The confusion matrix with the highest accuracy is displayed in Fig. 9. The most significate confusion in this case is that samples of negative state are misjudged as positive at a rate of 4.96%.

Fig. 9.
figure 9

Confusion matrix with 17 best features

The distribution of 10 selected features is displayed in Fig. 10. As some of the features have similar distribution to each other, these 10 features are not precisely the best 10 features in the ranking. It is shown that these features present different ranges on the three emotional categories, and thus provide distinguishing ability in automatic emotion classification.

Fig. 10.
figure 10

Distribution of several selected features

The related low level parameters (LLDs as described in INTERSPEECH 2009 feature set) of these features are listed in Table 1. Parameters as RMS energy, ZCR, and MFCC are all important expressive parameters in cats’ meowing emotions.

Table 1. Related parameters of the selected features

5 Conclusion

Three categories of cats’ emotion, positive, neutral, and negative, as evaluated in valence sense, are investigated with automatic classification on voice signals of cats’ meowing. Only audio signals are considered in the learning models, but the ground truth of each sample is determined from video clips with cat voice, facial expression, body movement, as well as their interaction with their owners.
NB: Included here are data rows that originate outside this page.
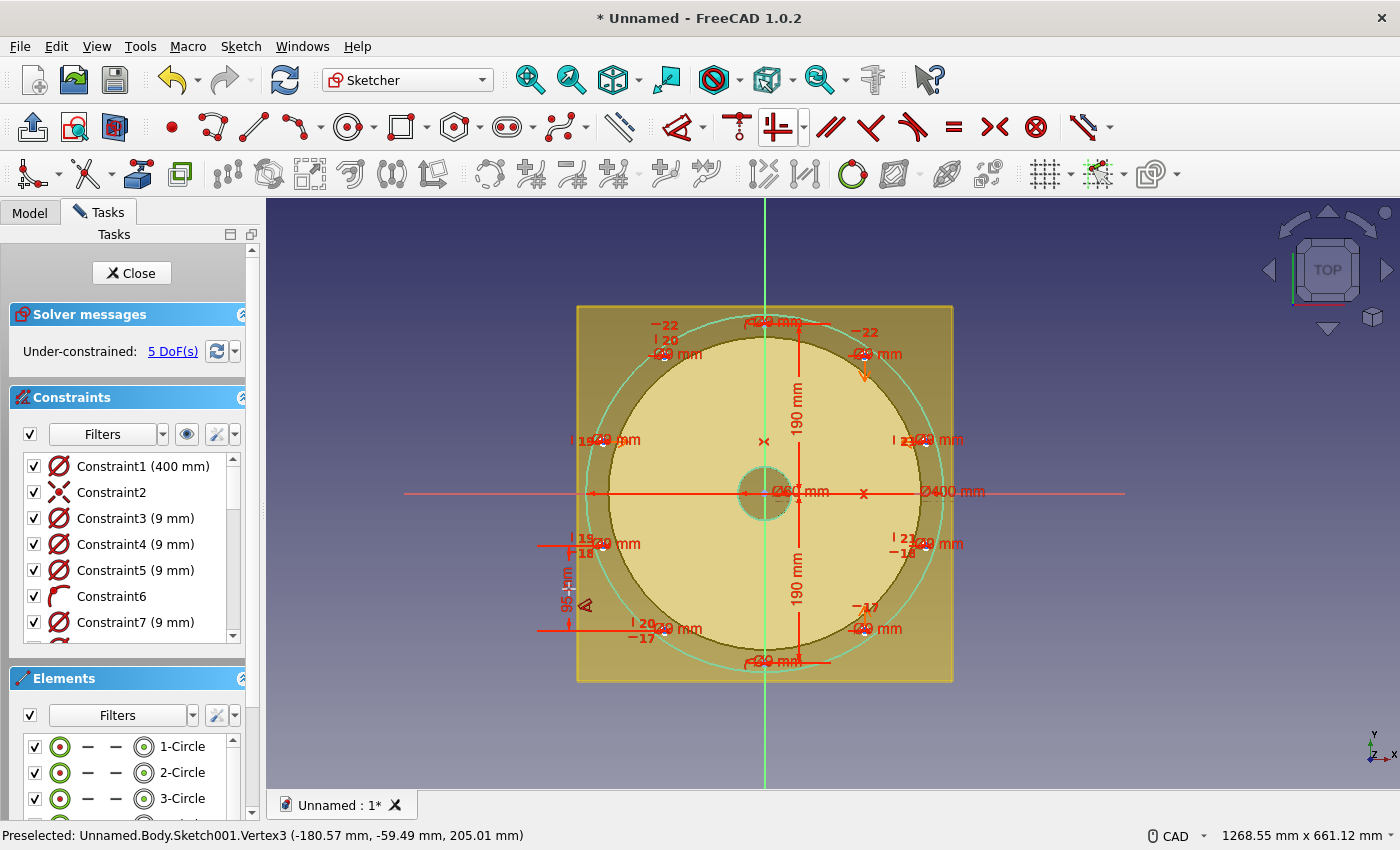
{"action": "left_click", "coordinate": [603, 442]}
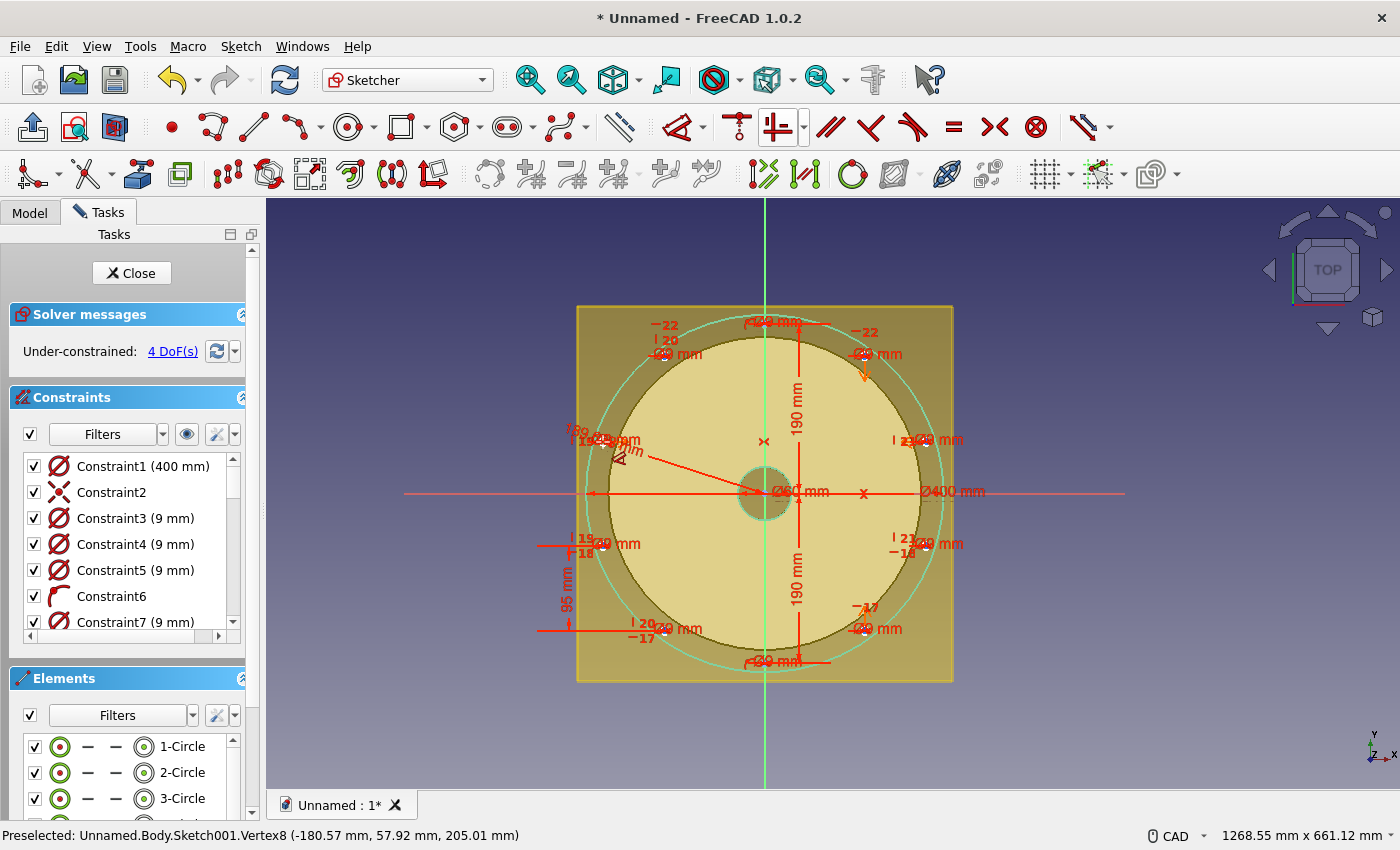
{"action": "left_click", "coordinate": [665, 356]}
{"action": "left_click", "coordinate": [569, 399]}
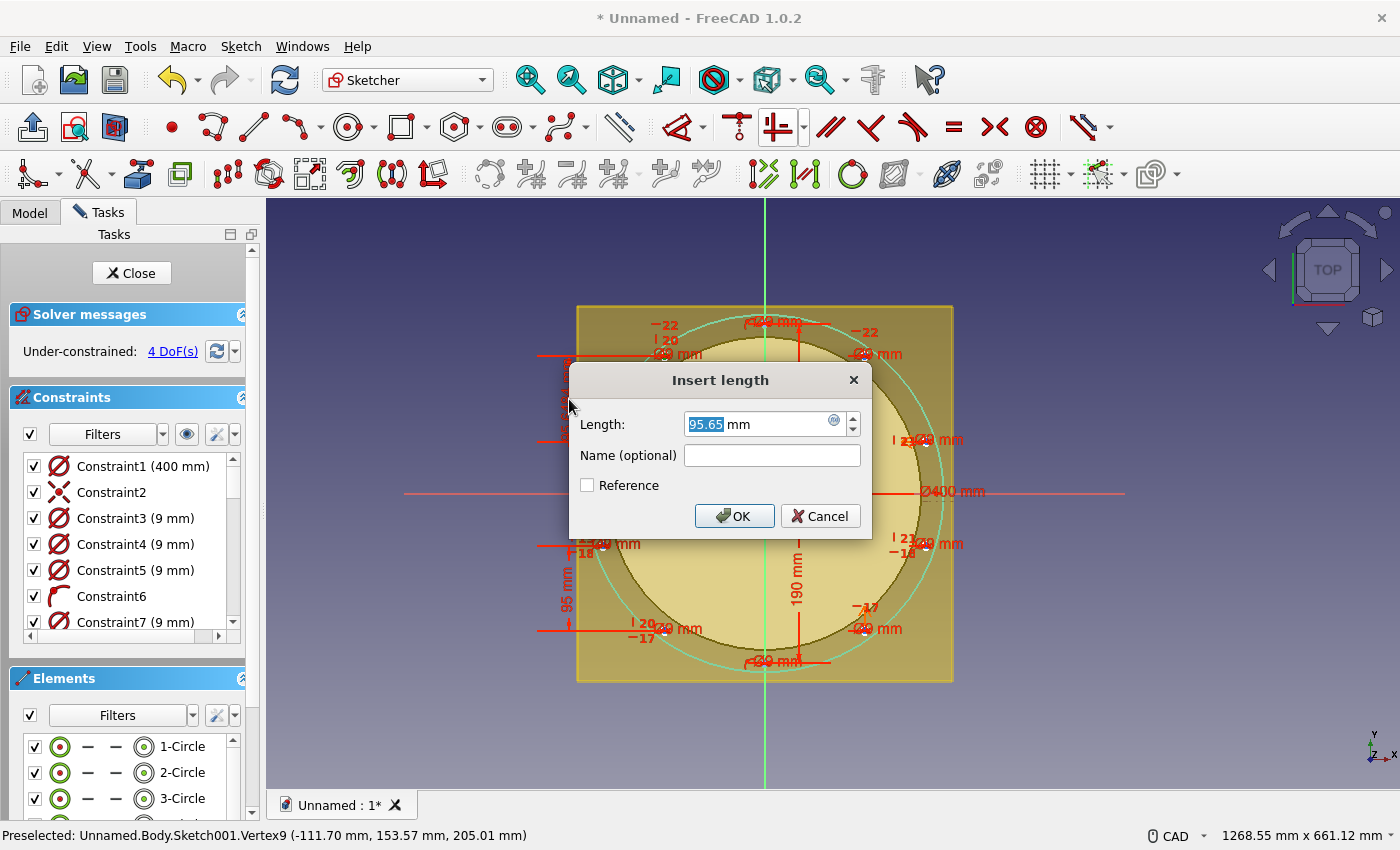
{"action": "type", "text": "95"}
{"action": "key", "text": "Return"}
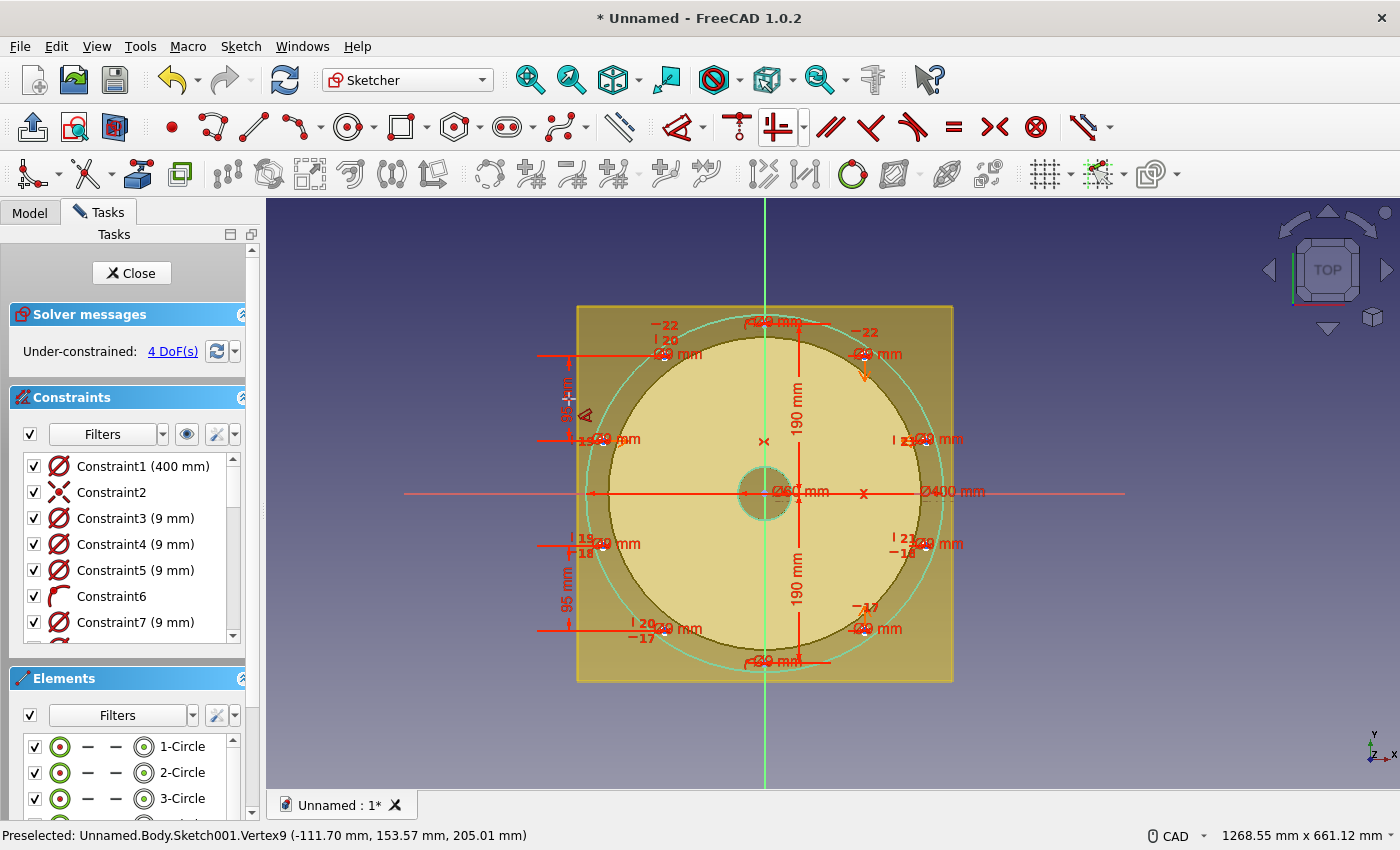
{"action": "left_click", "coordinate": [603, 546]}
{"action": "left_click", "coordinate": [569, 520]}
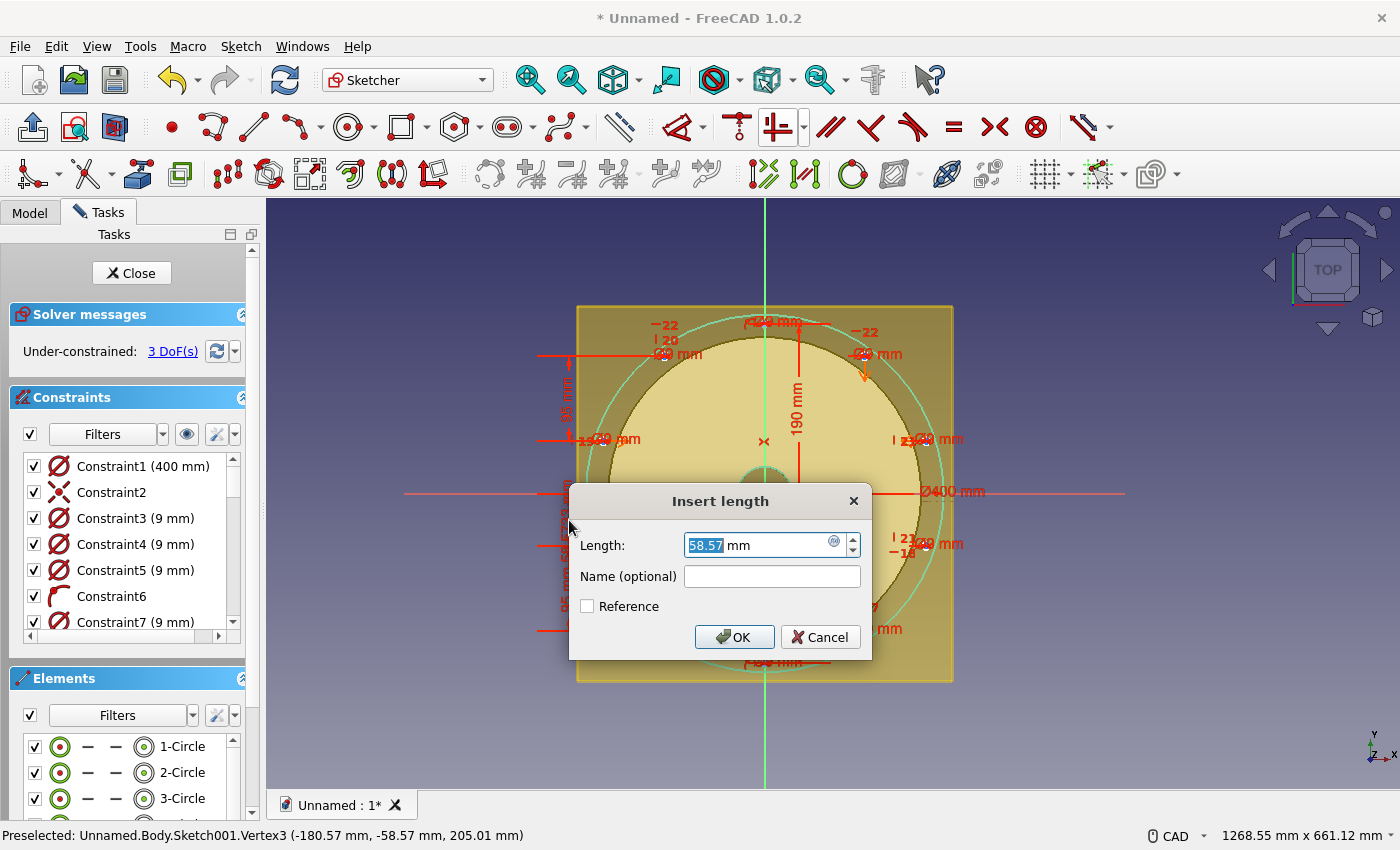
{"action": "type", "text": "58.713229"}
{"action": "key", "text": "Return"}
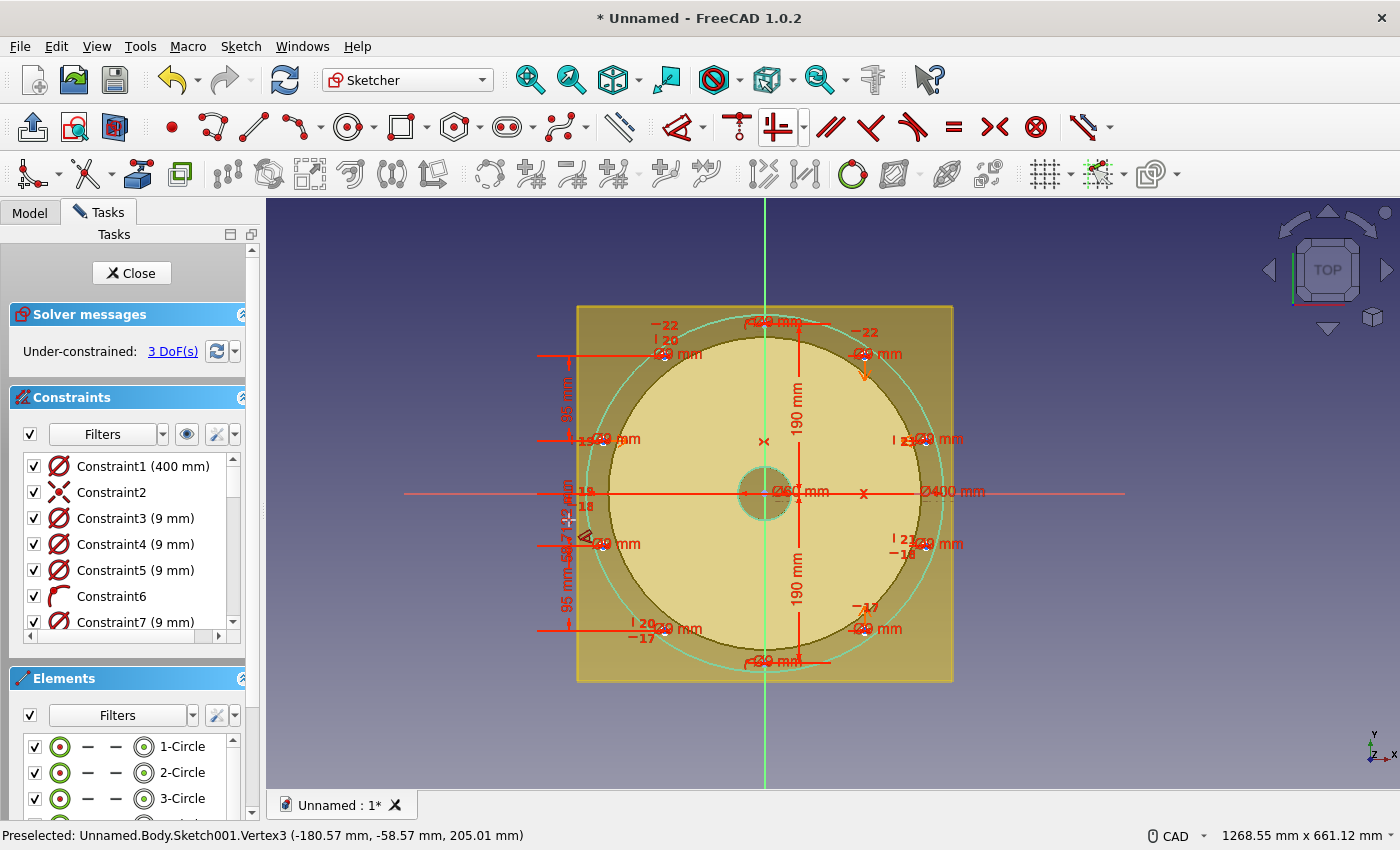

Feature set adopted from INTERSPEECH 2009 emotion challenge is proved to be also effective in cats’ emotion recognition, and the most expressive features relate to RMS energy, ZCR, and MFCC. The best classification accuracy is obtained from LogitBoost model as 97.40%.

Larger meowing dataset and more detailed emotional categories will be studied in the near future to provide a more accurate and more practical recognition of cats’ emotions. Both the aims of this work and the future work focus on the helping of a higher quality human-cat interaction, and make the most of the accompanying role of pets in human psychological adjustment.